New Severe Thunderstorm Warning tags will trigger wireless alerts
MONROE, La. (KNOE) - Starting August 2, the National Weather Service will add new damage threat categories to Severe Thunderstorm Warnings to better communicate impacts
A Severe Thunderstorm Watch is issued when conditions are favorable for the development of severe weather. A Severe Thunderstorm Warning is issued once storms produce 58+ mph wind gusts and/or 1″ (quarter-sized) hail. But some thunderstorms can be much stronger than others. Storms that produce winds over 70 mph can be extremely dangerous and damaging.

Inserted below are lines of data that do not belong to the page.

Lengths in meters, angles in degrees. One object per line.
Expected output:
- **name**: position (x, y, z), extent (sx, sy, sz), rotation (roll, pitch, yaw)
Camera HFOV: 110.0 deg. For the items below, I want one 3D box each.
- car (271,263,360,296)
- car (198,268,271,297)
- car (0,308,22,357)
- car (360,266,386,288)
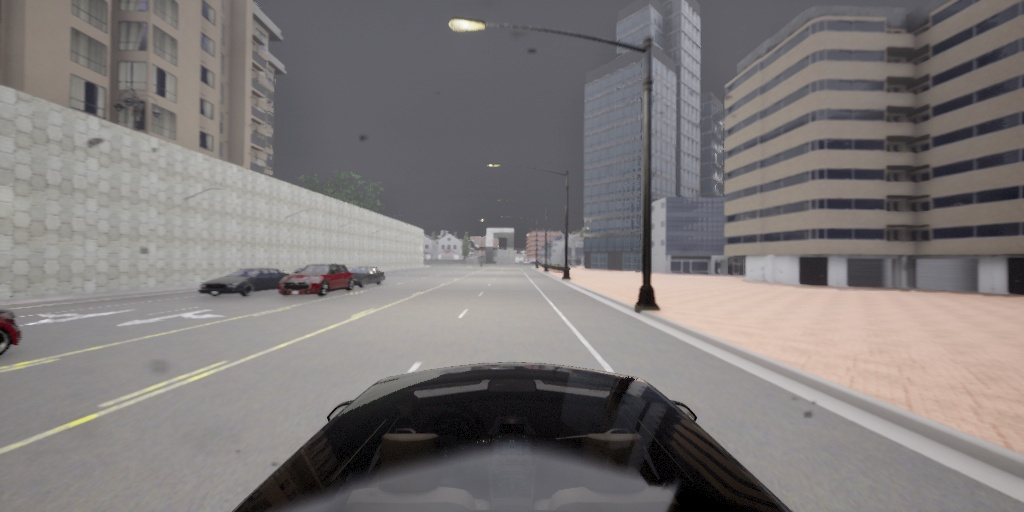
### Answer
- **car**: position (-10.490, 1.192, 19.607), extent (2.097, 1.767, 4.553), rotation (0, -1, 0)
- **car**: position (-13.992, 1.345, 19.534), extent (2.033, 1.411, 5.357), rotation (0, 0, 0)
- **car**: position (-10.602, 1.257, 5.225), extent (1.994, 1.385, 4.181), rotation (0, -1, 0)
- **car**: position (-10.551, 1.417, 25.157), extent (2.033, 1.411, 5.357), rotation (0, 0, 1)
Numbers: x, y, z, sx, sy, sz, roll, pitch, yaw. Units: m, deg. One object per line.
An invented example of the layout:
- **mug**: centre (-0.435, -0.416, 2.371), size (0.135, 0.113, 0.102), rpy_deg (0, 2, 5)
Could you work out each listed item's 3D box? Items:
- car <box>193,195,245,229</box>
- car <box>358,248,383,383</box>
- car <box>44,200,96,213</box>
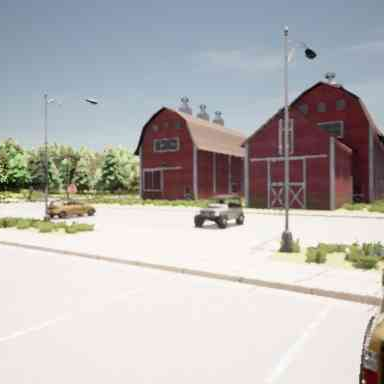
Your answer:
- **car**: centre (1.767, 1.151, 20.387), size (1.905, 1.878, 3.866), rpy_deg (0, 1, 33)
- **car**: centre (3.127, 1.265, 3.724), size (1.932, 1.855, 4.605), rpy_deg (0, 1, 33)
- **car**: centre (-9.862, 1.348, 27.232), size (1.816, 1.474, 4.193), rpy_deg (0, 1, 33)
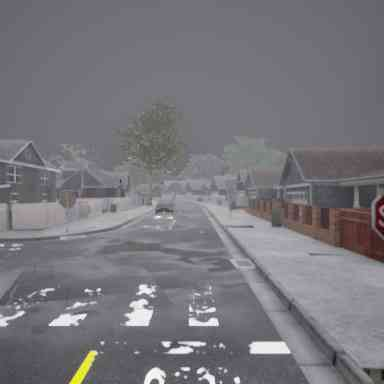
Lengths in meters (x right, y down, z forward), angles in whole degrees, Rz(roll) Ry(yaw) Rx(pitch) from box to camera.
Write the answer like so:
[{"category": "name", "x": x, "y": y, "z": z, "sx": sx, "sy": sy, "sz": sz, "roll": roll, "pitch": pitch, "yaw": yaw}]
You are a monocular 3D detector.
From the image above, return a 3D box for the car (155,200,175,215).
[{"category": "car", "x": -2.728, "y": 1.556, "z": 34.710, "sx": 2.033, "sy": 1.411, "sz": 5.357, "roll": 0, "pitch": 0, "yaw": 0}]
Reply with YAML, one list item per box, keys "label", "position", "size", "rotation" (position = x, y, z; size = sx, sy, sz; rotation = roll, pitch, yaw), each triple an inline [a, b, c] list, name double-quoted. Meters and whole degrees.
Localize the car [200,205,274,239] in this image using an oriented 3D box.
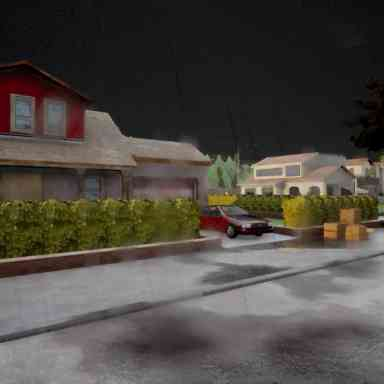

Not to mention that large hail is equally as dangerous as winds!
Here in the ArkLaMiss, we saw baseball-sized hail on April 10 in Caldwell Parish that caused significant damage to vehicles and roofs of buildings. The hope with these new criteria of tagging on Severe Thunderstorm Warnings is to communicate the urgency of these heightened threats.
A Severe Thunderstorm Warning will be tagged “Considerable” once a storm produces 1.75 inch (golf ball-sized) hail and/or 70 mph winds.
A Severe Thunderstorm Warning will be tagged “Destructive” once a storm produces 2.75 inch (baseball-sized) hail and/or 80 mph winds.
A storm with a Destructive tag will activate a Wireless Emergency Alert (WEA) on smartphones, similar to what occurs when a Tornado Warning is issued for your area.
Starting August 2, Severe Thunderstorms deemed “destructive” will activate a Wireless Emergency Alert (WEA) on smartphones. Criteria for a destructive threat is at least 2.75 inch diameter hail and/or 80 mph thunderstorm winds.— National Weather Service (@NWS) July 27, 2021
Read more: https://t.co/Vu9HyjsoRw pic.twitter.com/XeRvkwgSY0
Only 10 percent of all severe thunderstorms reach the destructive category each year, but those that do are capable of producing very severe damage. With that in mind, this new tag will help to save lives. Past events that would fall under the destructive category include the costliest thunderstorm in U.S. history, the $11 billion derecho that affected Iowa in August 2020.
According to the National Weather Service, the criteria for a baseline or “base” severe thunderstorm warning remains unchanged and will not activate a WEA. When no damage threat tag is present, the damage is expected to be at the base level.